Este lunes, la Clínica Veterinaria San Jorge de Sant Jordi se encontró con una visita poco habitual. Un halcón, que tiene la misión de mantener el aeropuerto libre de aves que puedan poner en riesgo los vuelos, llegó herido tras un enfrentamiento con un perro. «El pobre animal fue atacado mientras hacía su trabajo», nos cuenta Fernando Ribas, veterinario del centro.
Lo cierto es que este halcón no solo patrulla el área del aeropuerto; a veces se aventura más allá de la verja.
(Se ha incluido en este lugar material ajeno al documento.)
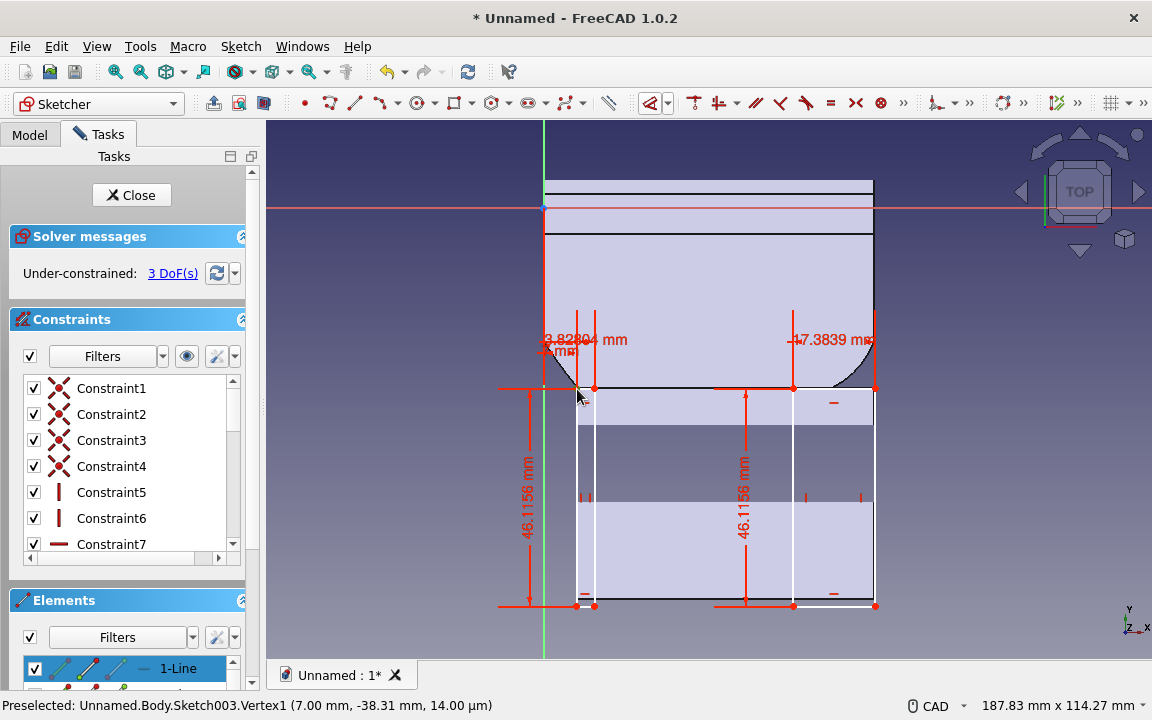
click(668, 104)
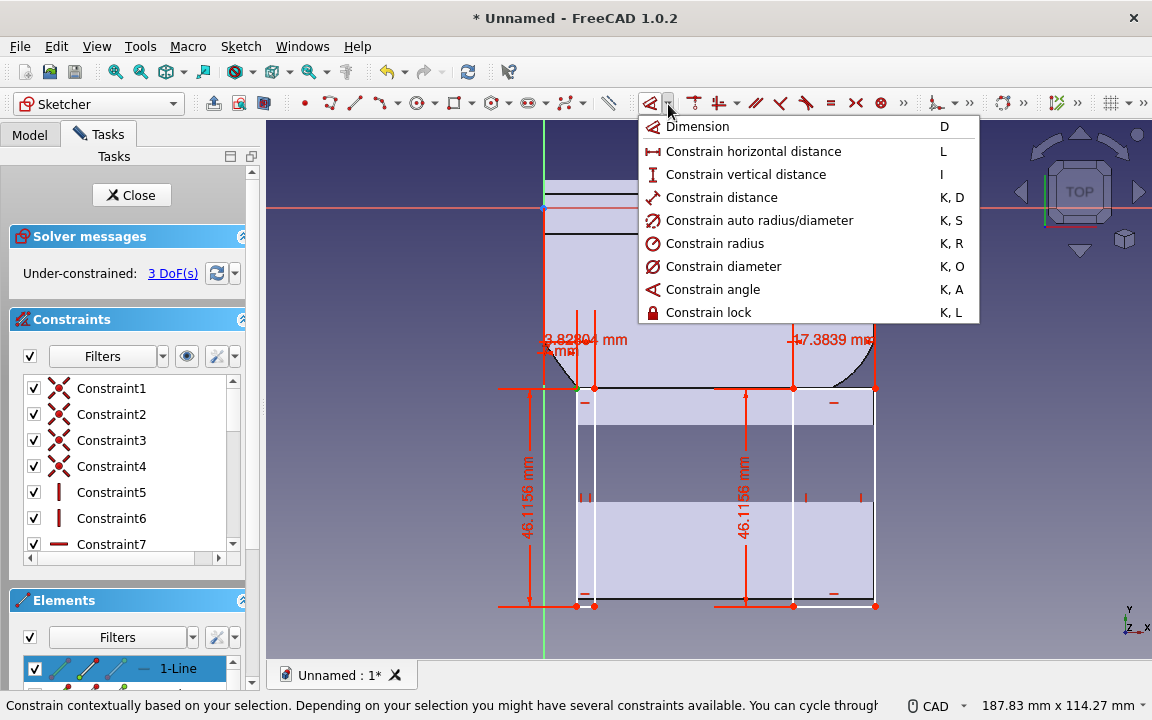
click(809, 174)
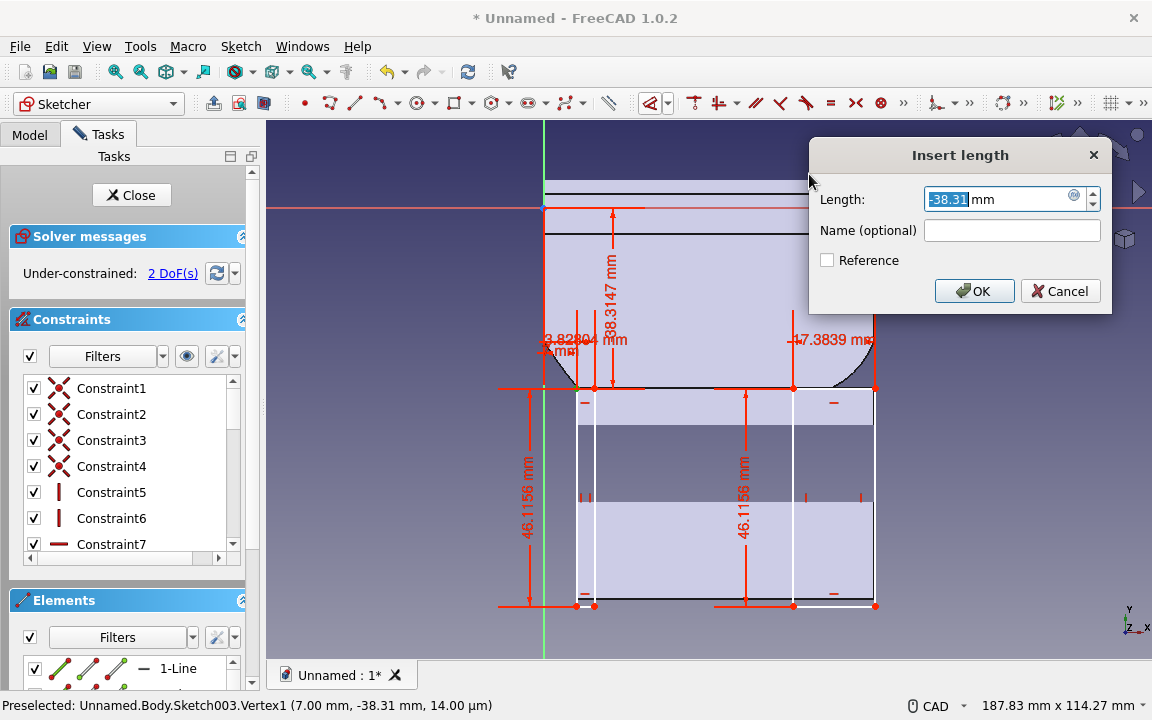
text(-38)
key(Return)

Desgraciadamente, esta vez terminó con una falange desgarrada. «Es una especie protegida», explica Ribas, y añade que tras estabilizarlo, era imprescindible llevarlo a un especialista para poder ayudarle adecuadamente.
La intervención necesaria para su bienestar
A medida que Fernando nos relata la historia, entendemos lo delicada que fue la situación. «Al vivir en cautividad y no necesitar su falange para sobrevivir, decidimos amputarla». La clínica compartió en sus redes sociales imágenes del halcón después del tratamiento y de la parte amputada. Es realmente impresionante ver cómo queda una pata tras una intervención así.
«Si no hubiésemos procedido a la amputación, ese halcón podría haber tenido problemas serios durante toda su vida», reflexiona Fernando al finalizar nuestra conversación. Sin duda, detrás de este hecho hay mucho más que un simple accidente; es un recordatorio sobre la importancia de cuidar nuestra fauna y entender sus roles dentro del ecosistema.